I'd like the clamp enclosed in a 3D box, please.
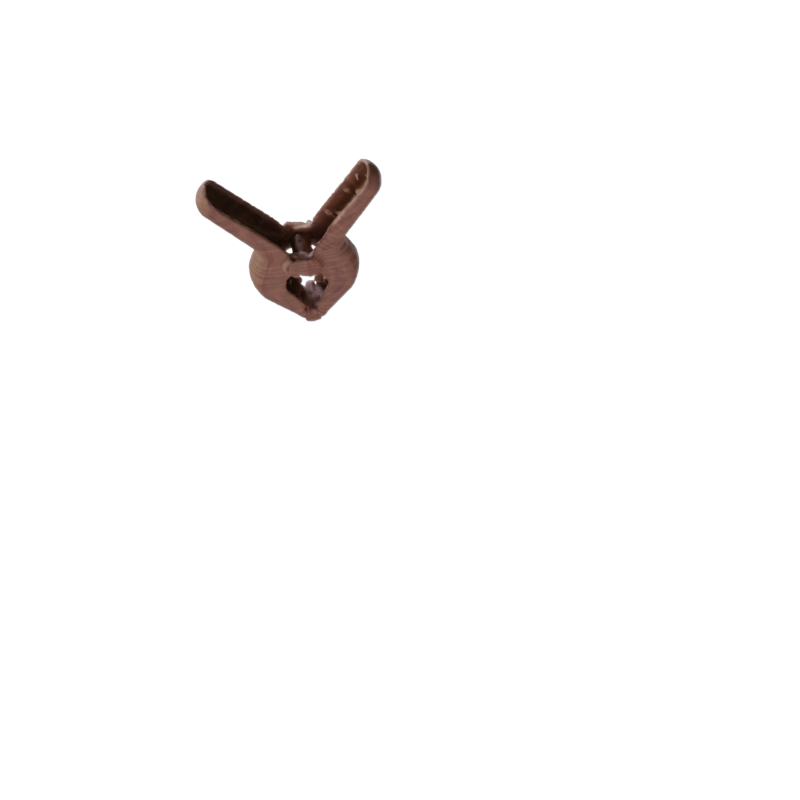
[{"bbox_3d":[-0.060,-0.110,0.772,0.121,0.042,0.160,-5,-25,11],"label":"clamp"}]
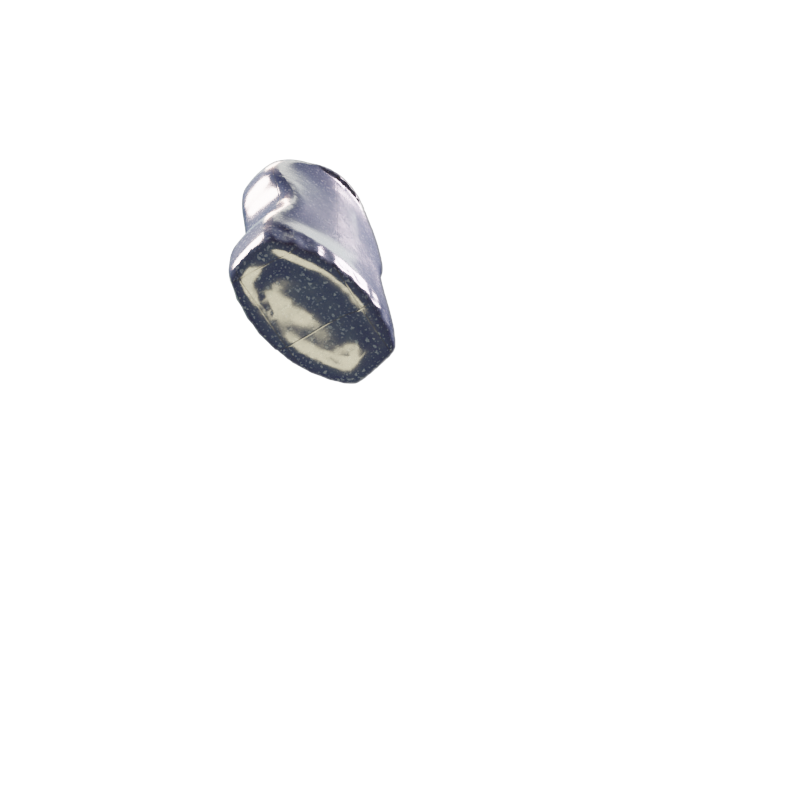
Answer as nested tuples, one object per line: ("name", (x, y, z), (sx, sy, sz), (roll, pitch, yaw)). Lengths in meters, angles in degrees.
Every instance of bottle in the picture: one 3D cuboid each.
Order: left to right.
---
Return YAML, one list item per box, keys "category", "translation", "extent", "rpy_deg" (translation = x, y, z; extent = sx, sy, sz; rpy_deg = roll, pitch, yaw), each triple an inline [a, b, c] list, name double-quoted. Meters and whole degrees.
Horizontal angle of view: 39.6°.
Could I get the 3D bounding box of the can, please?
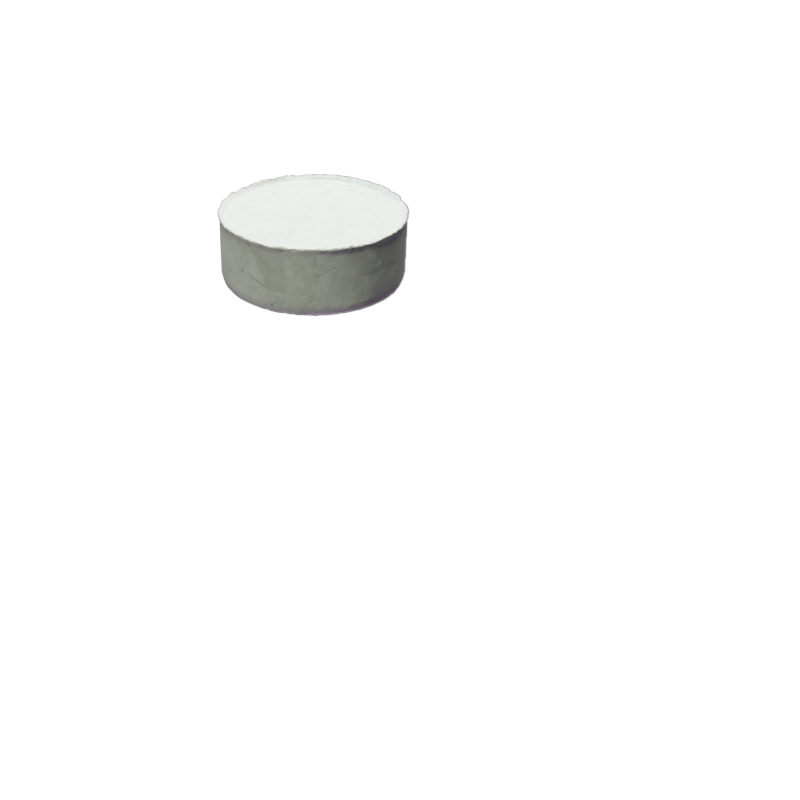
==
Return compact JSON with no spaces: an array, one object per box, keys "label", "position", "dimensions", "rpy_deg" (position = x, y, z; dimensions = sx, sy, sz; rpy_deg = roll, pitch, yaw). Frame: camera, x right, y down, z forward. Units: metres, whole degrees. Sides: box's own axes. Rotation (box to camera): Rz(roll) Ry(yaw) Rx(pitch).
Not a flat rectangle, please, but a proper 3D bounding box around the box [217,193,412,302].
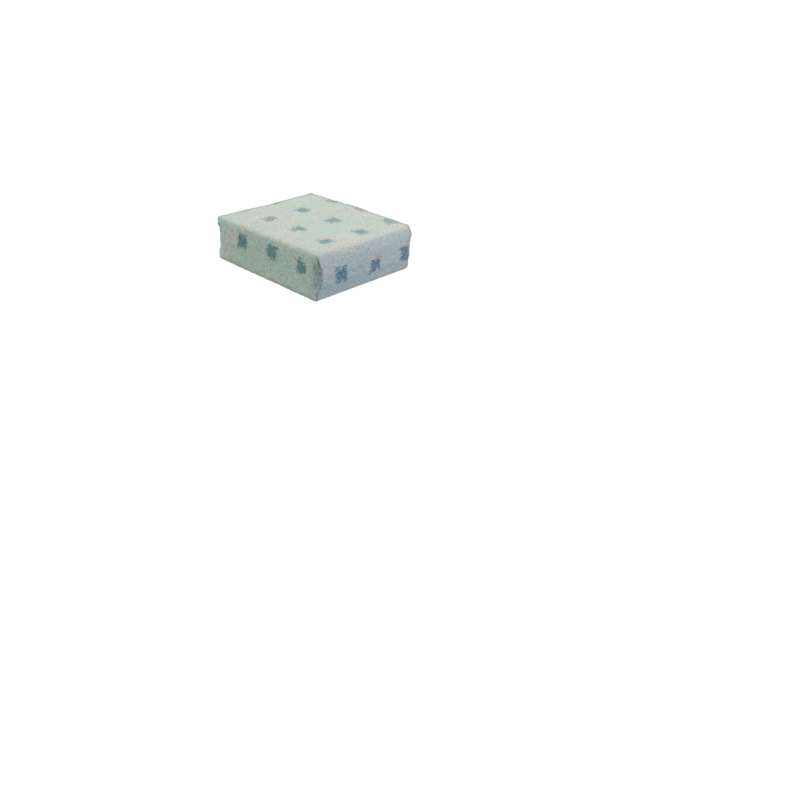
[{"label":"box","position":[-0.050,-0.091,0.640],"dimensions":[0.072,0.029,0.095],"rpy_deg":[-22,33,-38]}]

**TASK INSTRUCTIONS**
Produce only the lines from the line containing "Horizontal angle of view: 39.6°." through the line containing "Could I get", inclusive of both, exactly as they stand in the entries above.

**RESPONSE BELOW**
Horizontal angle of view: 39.6°.
Could I get the 3D bounding box of the can, please?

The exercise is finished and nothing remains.